When you think of this concept, that would mean that there will be two PRT tokens at the same time. One on the victim device, an on the non-TPM device. This should not happen in normal scenario's for PRT tokens with the same Device ID, since only one PRT token will exist per device and a new one will only be generated when the other one is about to expire. Because of this, I was wondering if we could create a detection on finding Sign-in logs using PRT tokens with the same Device ID but a different Session IDs, being used on the same time frames. After a couple of hours of investigating this, I eventually came with the below query:

// Get the Sign-in logs we want to query
let base = materialize(
    SigninLogs
    | where TimeGenerated > ago(1d)
);
// Get all the WHfB signins by looking at the authentication method and incomming token
let whfb = (
    base
    // Get WHfB signins
    | mv-expand todynamic(AuthenticationDetails)
    | where AuthenticationDetails.authenticationMethod == "Windows Hello for Business"
    | where IncomingTokenType == "primaryRefreshToken"
    | extend DeviceID = tostring(DeviceDetail.deviceId), AuthenticationDateTime = todatetime(AuthenticationDetails.authenticationStepDateTime)
    // Remove empty Session and Device IDs
    | where SessionId != "" and DeviceID != ""
);
// Save the time frame for each WHfB PRT token
// We use the SessionID to identify a specific PRT token since the SessionID changes when a new refresh token is being used
let prt_timeframes = (
    whfb
    // Summarize the first and last PRT usage per device, by using the Session ID
    | summarize TimeMin = arg_min(AuthenticationDateTime,*), TimeMax=arg_max(AuthenticationDateTime,*) by DeviceID, SessionId
    | project DeviceID, SessionId, TimeMin, TimeMax
);
// Save all the Session IDs for the logins that came from a WHfB authentication method
let whfb_sessions = toscalar(
    whfb
    | summarize make_set(SessionId)
);
base
| mv-expand todynamic(AuthenticationDetails)
| extend DeviceID = tostring(DeviceDetail.deviceId), AuthenticationDateTime = todatetime(AuthenticationDetails.authenticationStepDateTime)
// Get all signins related to a WHfB Session
| where SessionId in (whfb_sessions)
// Join the access token requests comming from a WHfB session with all the PRT tokens used in the past for each device
| join kind=inner prt_timeframes on DeviceID
| extend CurrentSessionID = SessionId, OtherSessionID = SessionId1, OtherSessionTimeMin = TimeMin, OtherSessionTimeMax = TimeMax, DeviceName = tostring(DeviceDetail.displayName)
// Get logins where the current SessionID is not the same as another one
| where CurrentSessionID != OtherSessionID
// Check if the new Session ID is seen while other Session IDs are still active (only check first login of the current Session ID)
| summarize arg_min(AuthenticationDateTime, *) by DeviceID, CurrentSessionID
| where AuthenticationDateTime between (OtherSessionTimeMin .. OtherSessionTimeMax)
// Exclude Windows Sign In as application login since attackers will use the PRT to request access tokens for other applications (they do not need to signin into Windows anymore)
| where AppDisplayName != "Windows Sign In"

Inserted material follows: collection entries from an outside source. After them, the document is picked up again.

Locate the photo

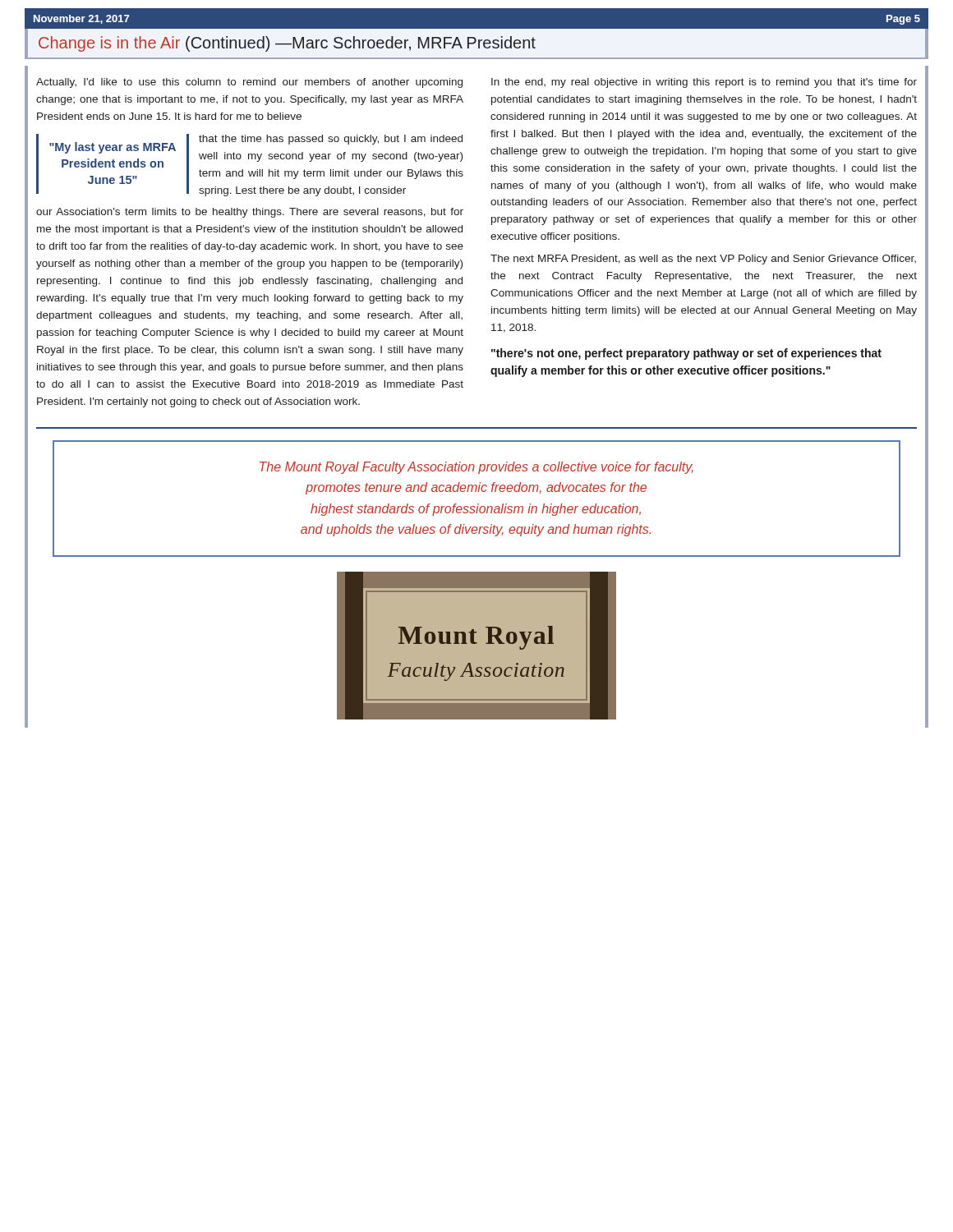[x=476, y=645]
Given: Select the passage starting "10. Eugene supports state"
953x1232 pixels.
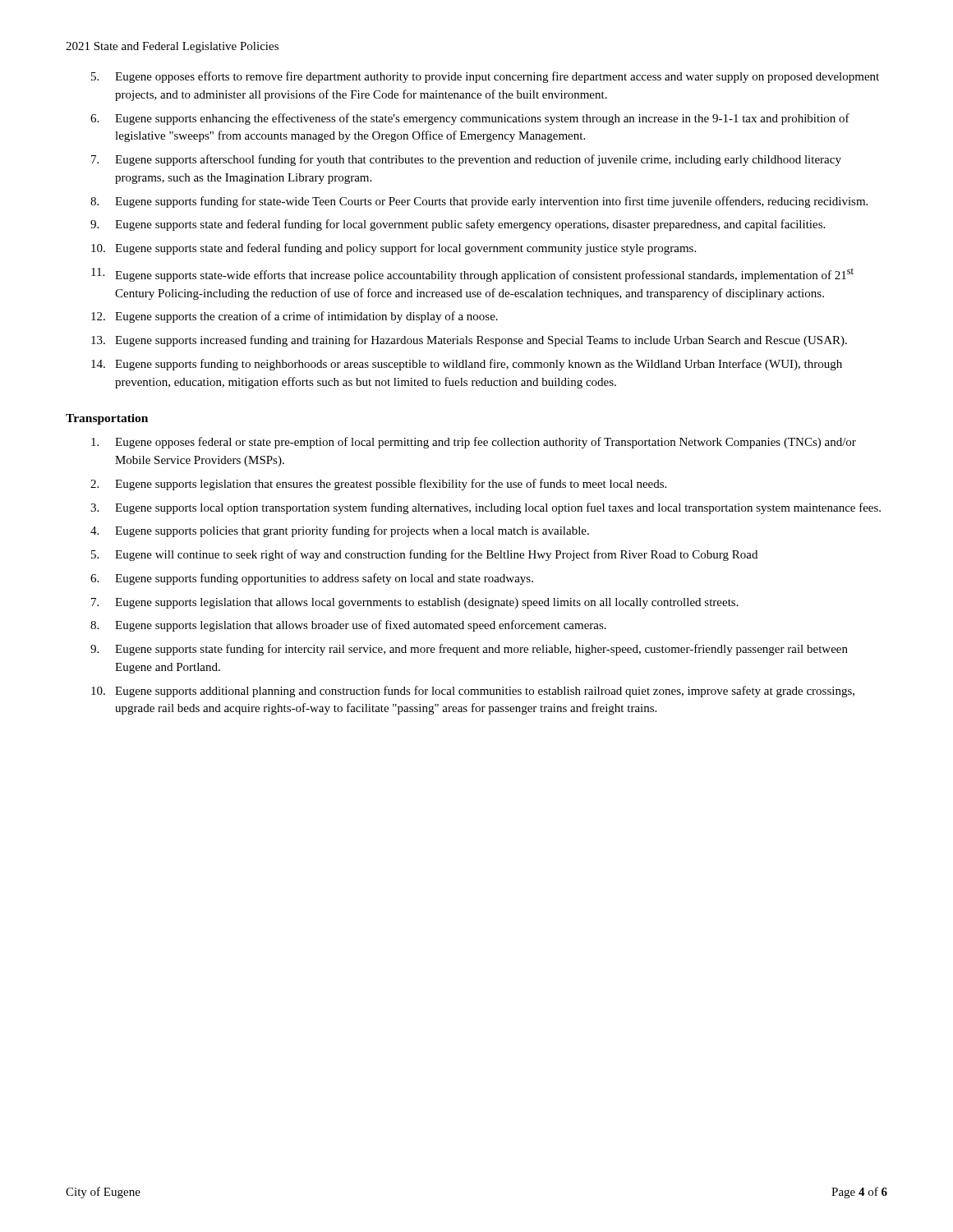Looking at the screenshot, I should tap(489, 249).
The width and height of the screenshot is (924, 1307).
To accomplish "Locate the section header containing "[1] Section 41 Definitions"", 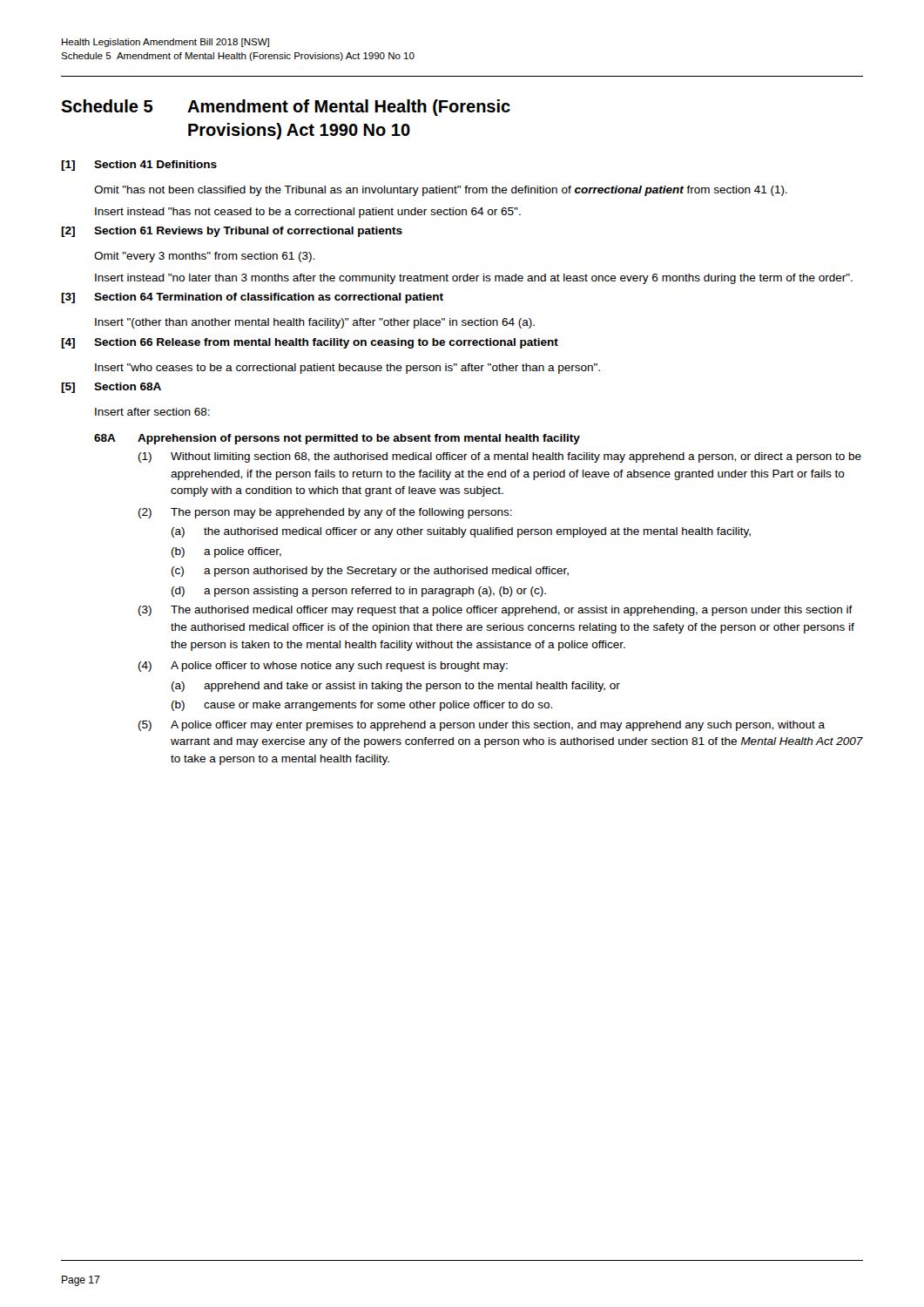I will [x=139, y=166].

| project AuthenticationDateTime, UserPrincipalName, DeviceID, DeviceName, CurrentSessionID, OtherSessionID, OtherSessionTimeMin, OtherSessionTimeMax, AppDisplayName, ResourceDisplayName

This query mainly has False Positives on the 'Windows Sign In' Application. For some reason, some Windows Sign-ins are happening with new SessionIDs, while the other SessionID is still being used for requests to other applications. I did not find any logical explanation why this sometime happens, but since an attack will request tokens for cloud applications rather then doing Windows Sign-ins once they have the PRT token, I decided to exclude the Windows Sign In application from the query.